In The Heart Of Darkness

By J.K. Stenger

 

In my grief I stumbled out into the raging storm, the chilly rain a stark contrast to the burning tears on my face. I still heard my wife calling, her voice a desperate cry that haunted me, “Where are you going? I need you.”

I did not heed her call, for I needed to be away from it all; alone in the night. The rain drenched me in seconds, but that didn’t matter.

Each lightning bolt split the oppressive darkness and the thunderclap that followed shook me to the core. That didn’t matter, either. The darkness in my heart was a bottomless pit, far deeper and more chilling than the raging storm outside. Had there ever been a night so dark?

Blindly I stumbled on, with no sense of where I was going, for inside my house my dear son lay lifeless in the arms of my weeping wife and God had been silent.

The church had told me to pray. So, I had.

The church suggested I’d search my heart and confess all my sins. I had done that too. Confessed it all, humbled myself with tears, but it had brought me nothing.

The misery had been stronger than God and now the dead body of my son was a testament to the futility of prayer.

Low-hanging branches hit my face, cut my arms and forehead, tore on my wet clothes and as I ran on, I tasted blood mingled with rain. It didn’t matter.

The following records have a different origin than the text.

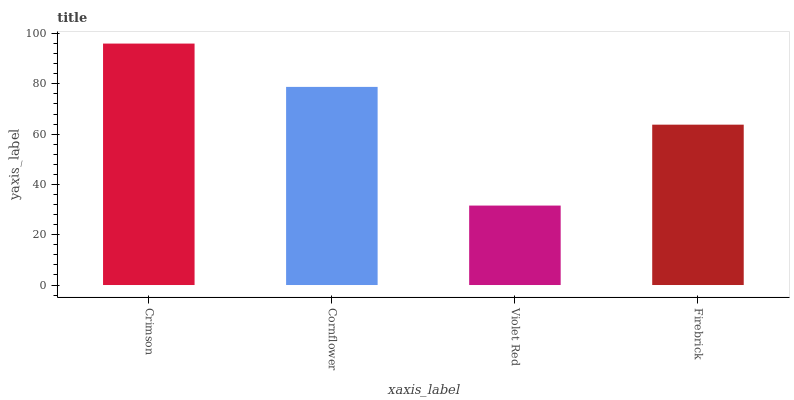Is Cornflower the minimum?
Answer yes or no. No. Is Cornflower the maximum?
Answer yes or no. No. Is Crimson greater than Cornflower?
Answer yes or no. Yes. Is Cornflower less than Crimson?
Answer yes or no. Yes. Is Cornflower greater than Crimson?
Answer yes or no. No. Is Crimson less than Cornflower?
Answer yes or no. No. Is Cornflower the high median?
Answer yes or no. Yes. Is Firebrick the low median?
Answer yes or no. Yes. Is Violet Red the high median?
Answer yes or no. No. Is Crimson the low median?
Answer yes or no. No. 
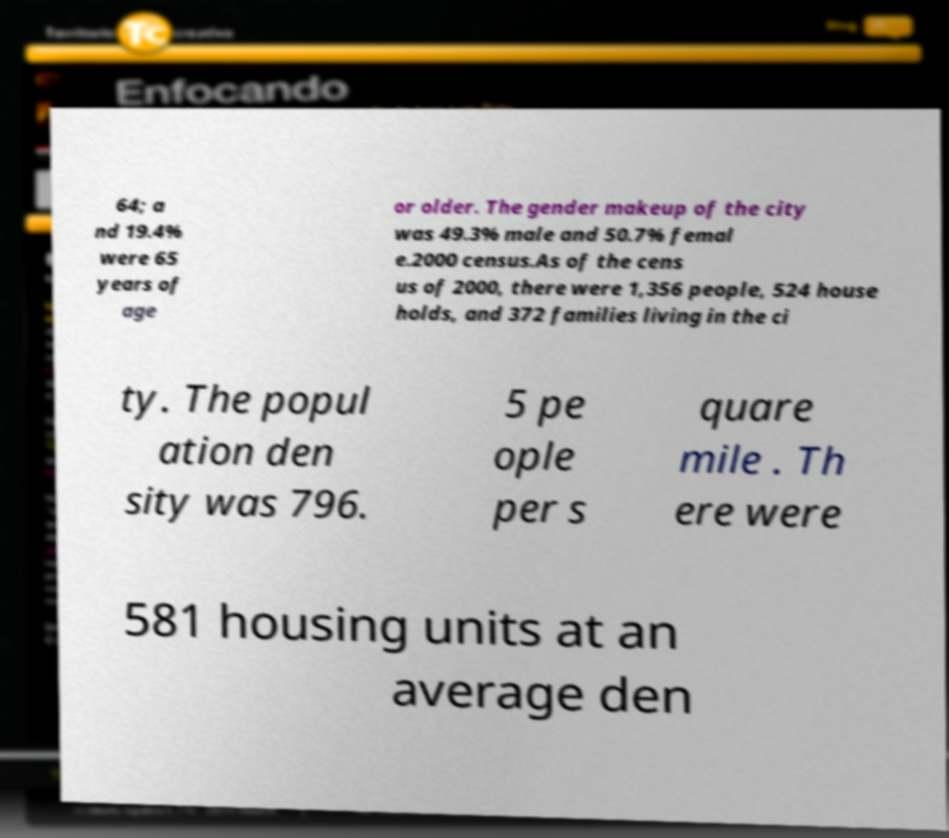I need the written content from this picture converted into text. Can you do that? 64; a nd 19.4% were 65 years of age or older. The gender makeup of the city was 49.3% male and 50.7% femal e.2000 census.As of the cens us of 2000, there were 1,356 people, 524 house holds, and 372 families living in the ci ty. The popul ation den sity was 796. 5 pe ople per s quare mile . Th ere were 581 housing units at an average den 
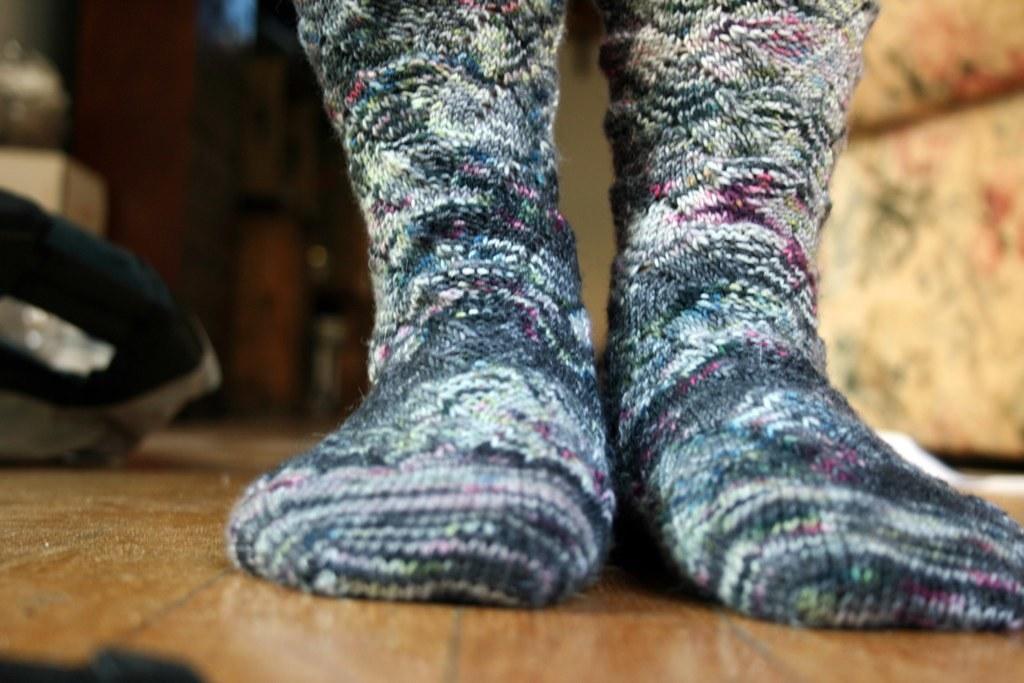Describe this image in one or two sentences. In this picture I can see there are two socks in black and white color. At the bottom it is the floor.

My feet went out from under me and I landed with a thud, my head hitting the cold, wet grass. Had someone pushed me? Impossible. Nobody else was out. But I sensed a presence around and it was then I heard a voice, clear and loud to my heart.

“What is your hope?”

I struggled to comprehend and looked around if there was anybody there, but it was too dark to see. “There is no hope,” I screamed back into the storm. “Life is unjust and without reason.”

Lightning flashed again, then came a thunderclap so loud it felt like my eardrums would rupture. Everything around illuminated for a brief instant. I could see as if it was day. Rocks, bushes, more rocks, and in the far distance the sea below. And, right before me, a gaping abyss. Instantly, I knew where I was.

Carrybran Cliff.

One more step and I would have plummeted to my death.

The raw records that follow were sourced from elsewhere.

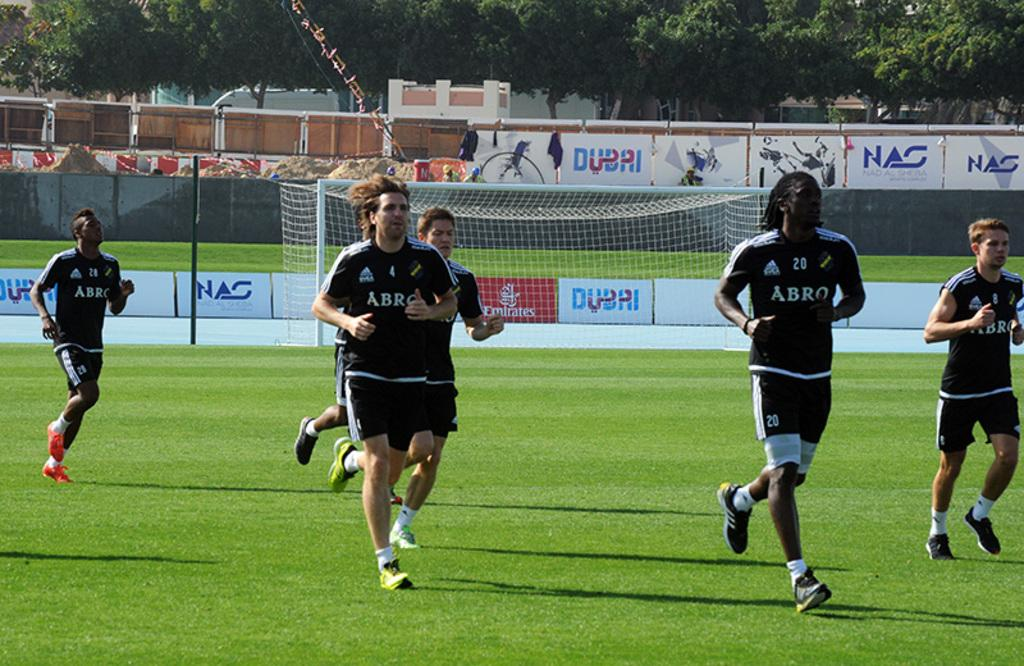<image>
Give a short and clear explanation of the subsequent image. Men in soccer shirts that say Abro are running for practice. 
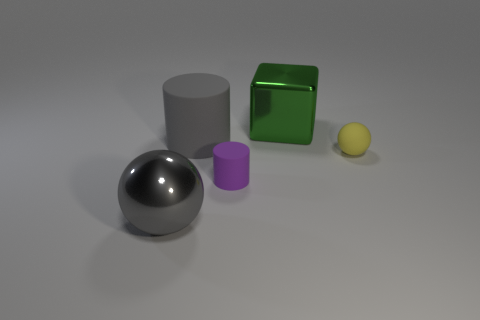There is a shiny thing on the right side of the purple thing; is it the same size as the big gray cylinder?
Your response must be concise. Yes. There is a object that is both on the left side of the yellow thing and right of the purple thing; what is its shape?
Ensure brevity in your answer.  Cube. Is the number of big blocks in front of the purple matte thing greater than the number of big gray cylinders?
Make the answer very short. No. The gray sphere that is the same material as the large cube is what size?
Offer a terse response. Large. What number of rubber things are the same color as the big sphere?
Keep it short and to the point. 1. There is a small thing to the left of the yellow ball; does it have the same color as the big matte cylinder?
Offer a terse response. No. Is the number of green cubes that are left of the gray metal ball the same as the number of gray rubber cylinders to the right of the tiny sphere?
Provide a succinct answer. Yes. Are there any other things that have the same material as the small yellow ball?
Offer a very short reply. Yes. What is the color of the large metallic object that is in front of the big gray cylinder?
Your answer should be compact. Gray. Is the number of large gray matte cylinders in front of the big gray metallic sphere the same as the number of purple cylinders?
Your answer should be very brief. No.

The darkness returned and the raging wind kept pulling on me as if to cry, “Walk on, pilgrim, and die like your son.”

That would be easy. One more step and it would all be over. Gone my pain and gone my wavering faith that had brought me nothing.

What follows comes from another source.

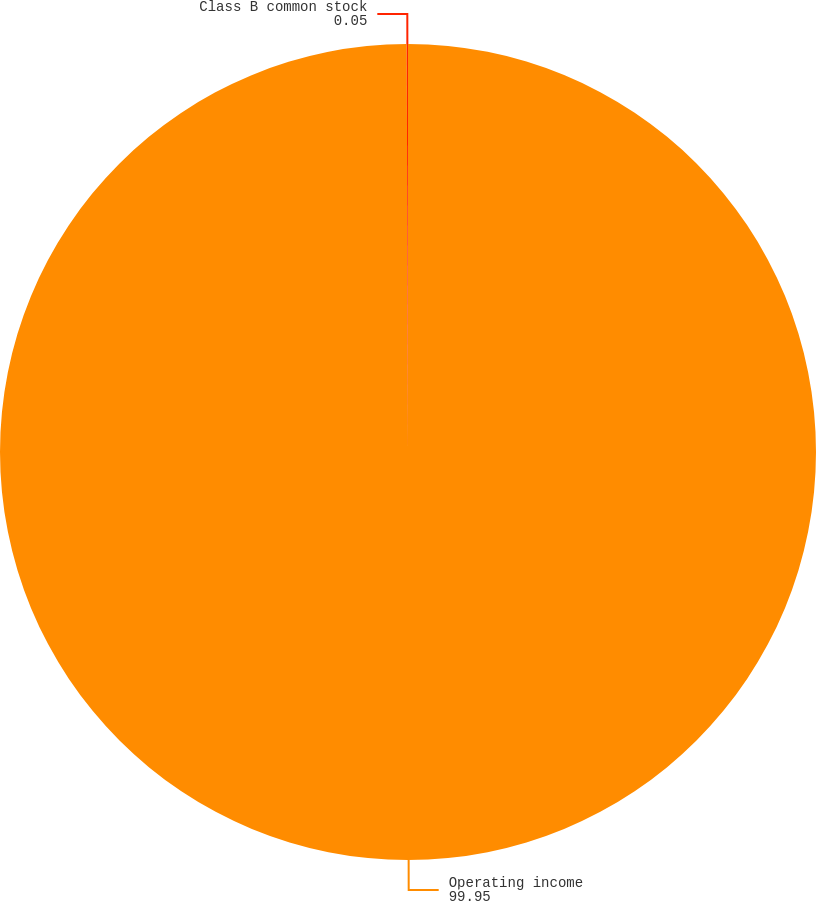Convert chart. <chart><loc_0><loc_0><loc_500><loc_500><pie_chart><fcel>Operating income<fcel>Class B common stock<nl><fcel>99.95%<fcel>0.05%<nl></chart>

“What’s your hope?” That voice had asked.

Was there really no hope?

“God,” I whispered in the dark, “Help me.”

Out of nowhere, a deep sense of rest welled up. No longer did I feel the biting rain or the wind tearing at my tired limbs. That’s when I saw the light.

Across the vast expanse of the sea, a tiny bright light appeared, rapidly growing in size and intensity as it sped towards me. I stared at it in wonder as it drew near, a radiant glow that deepened until I was bathed in a celestial luminescence beyond compare. Yet it did not hurt my eyes. And there, in the middle of the light was the face of my son, a smile on his lips. A healthy pink flushed his cheeks and an unfamiliar tenderness shone in his eyes, warming me.

As I felt myself shrink, the vision heightened; each detail becoming sharper, more vivid. Then I heard my son’s voice directly in my heart. He was only three, but he sounded so mature. “Daddy, the Father had need of a flower and so he plucked me for his garden. Do not grieve, for all shall be well.”

I couldn’t speak and at that instant, the light faded away. The vision was over. The rain returned, the wind still pulled on my hair and my clothes, yet a profound peace washed over me.

Now there were tears of gratitude as I peered over the edge of Carrybran Cliff, a mere ten inches from a terrifying drop. My heart was humbled but clean, as there, in the heart of darkness I truly found God, not in a change of circumstances, but in His quiet presence.